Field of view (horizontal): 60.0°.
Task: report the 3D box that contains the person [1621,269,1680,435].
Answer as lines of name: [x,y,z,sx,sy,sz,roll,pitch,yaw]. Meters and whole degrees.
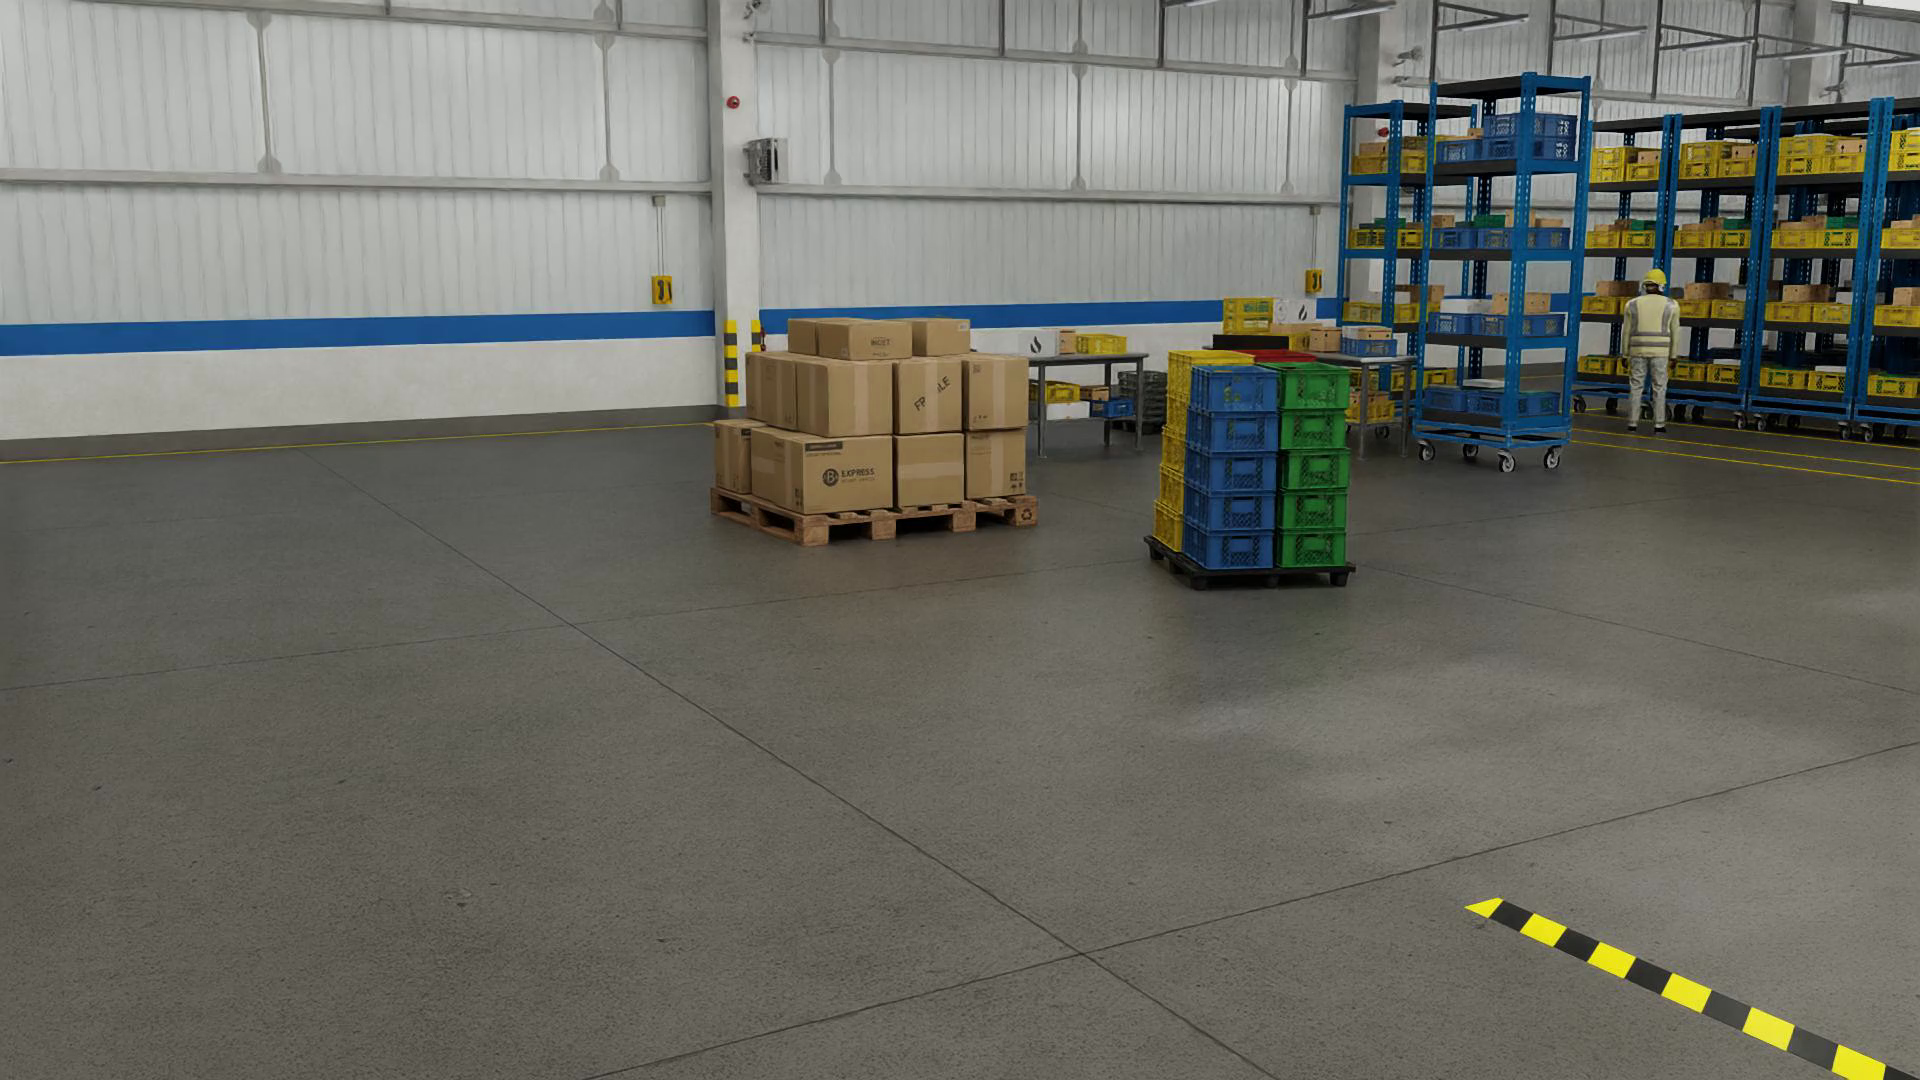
person: [7.616,-2.068,18.369,0.592,1.825,0.404,5,11,28]
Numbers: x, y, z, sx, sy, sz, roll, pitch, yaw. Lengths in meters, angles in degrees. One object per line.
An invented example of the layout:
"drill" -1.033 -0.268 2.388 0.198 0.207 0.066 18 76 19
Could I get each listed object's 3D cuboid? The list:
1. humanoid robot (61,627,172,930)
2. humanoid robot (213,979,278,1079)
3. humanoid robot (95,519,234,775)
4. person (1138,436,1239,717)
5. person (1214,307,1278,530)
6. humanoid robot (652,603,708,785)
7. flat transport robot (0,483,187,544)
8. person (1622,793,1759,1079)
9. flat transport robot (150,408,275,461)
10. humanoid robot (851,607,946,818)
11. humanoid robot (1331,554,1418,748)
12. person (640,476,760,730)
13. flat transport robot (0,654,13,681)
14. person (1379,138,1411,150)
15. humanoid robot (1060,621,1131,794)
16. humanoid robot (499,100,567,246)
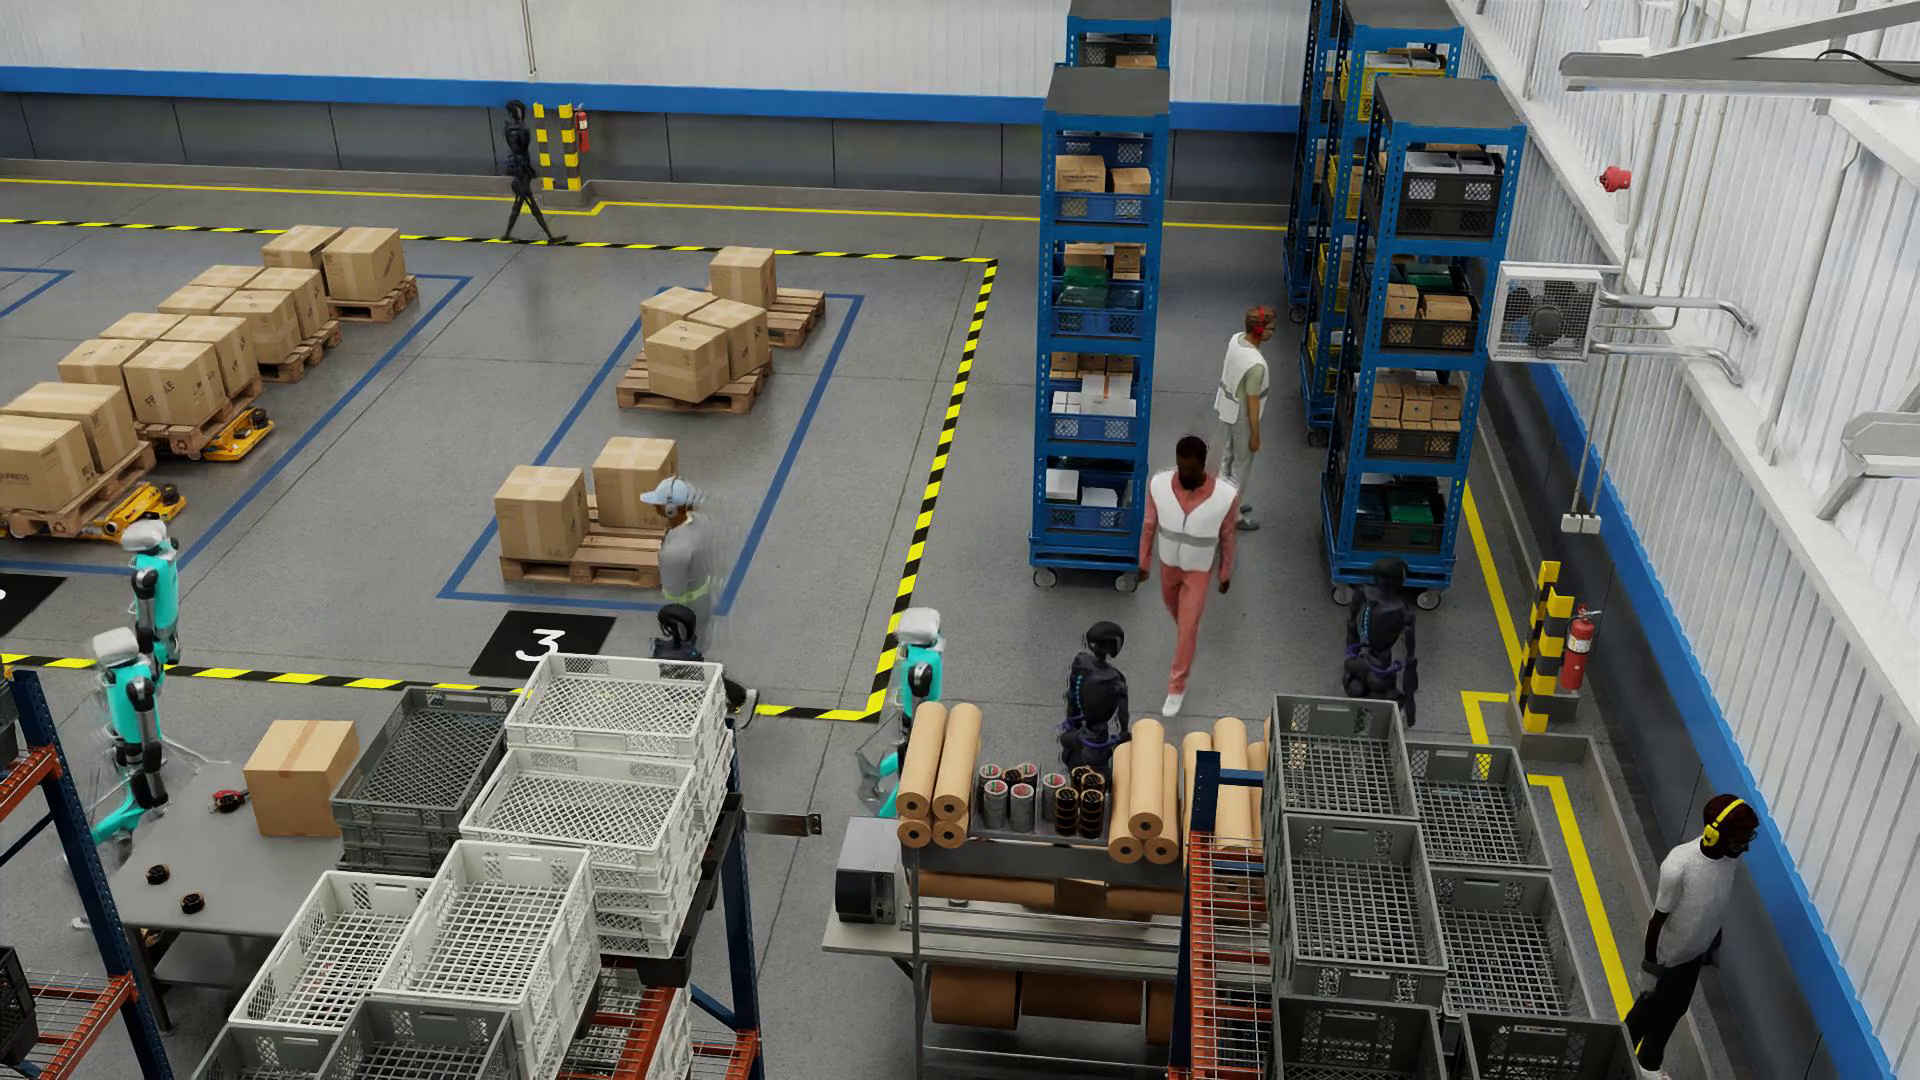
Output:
"humanoid robot" -4.621 1.367 8.914 1.014 1.772 0.533 -24 38 -35
"humanoid robot" -2.795 2.528 6.931 0.589 1.641 0.388 4 30 6
"humanoid robot" -4.962 0.698 9.997 0.917 1.740 0.541 -3 30 -6
"person" 1.485 0.125 10.867 0.605 1.882 0.915 13 33 21
"person" 2.160 -0.927 12.713 0.407 1.830 0.575 -3 30 -6
"humanoid robot" -1.578 1.073 9.422 0.365 1.647 0.607 4 30 6
"flat transport robot" -6.933 -0.247 13.070 1.431 0.197 0.652 3 30 6
"person" 3.376 1.936 7.774 0.510 1.858 0.332 -15 33 -24
"flat transport robot" -6.728 -0.944 14.268 1.431 0.197 0.652 3 30 6
"humanoid robot" -0.396 1.183 9.257 0.656 1.865 0.538 2 30 3
"humanoid robot" 2.408 0.833 9.850 0.563 1.635 0.601 -17 34 -26
"person" -1.647 0.432 10.371 0.654 1.835 0.587 0 30 0
"flat transport robot" -7.142 0.969 11.010 1.431 0.231 0.659 3 30 6
"person" 4.615 -3.959 17.892 0.506 1.862 0.313 22 36 32
"humanoid robot" 0.793 1.185 9.261 0.721 1.621 0.611 -17 34 -26
"humanoid robot" -4.772 -4.035 18.253 0.785 1.623 0.611 -1 30 -2

Problem statement: In the records above, the line with "1. humanoid robot (61,627,172,930)" marks the start and the line with "11. humanoid robot (1331,554,1418,748)" marks the end; copy that stretch exactly, both lines included, and nothing else.

Exercise result:
1. humanoid robot (61,627,172,930)
2. humanoid robot (213,979,278,1079)
3. humanoid robot (95,519,234,775)
4. person (1138,436,1239,717)
5. person (1214,307,1278,530)
6. humanoid robot (652,603,708,785)
7. flat transport robot (0,483,187,544)
8. person (1622,793,1759,1079)
9. flat transport robot (150,408,275,461)
10. humanoid robot (851,607,946,818)
11. humanoid robot (1331,554,1418,748)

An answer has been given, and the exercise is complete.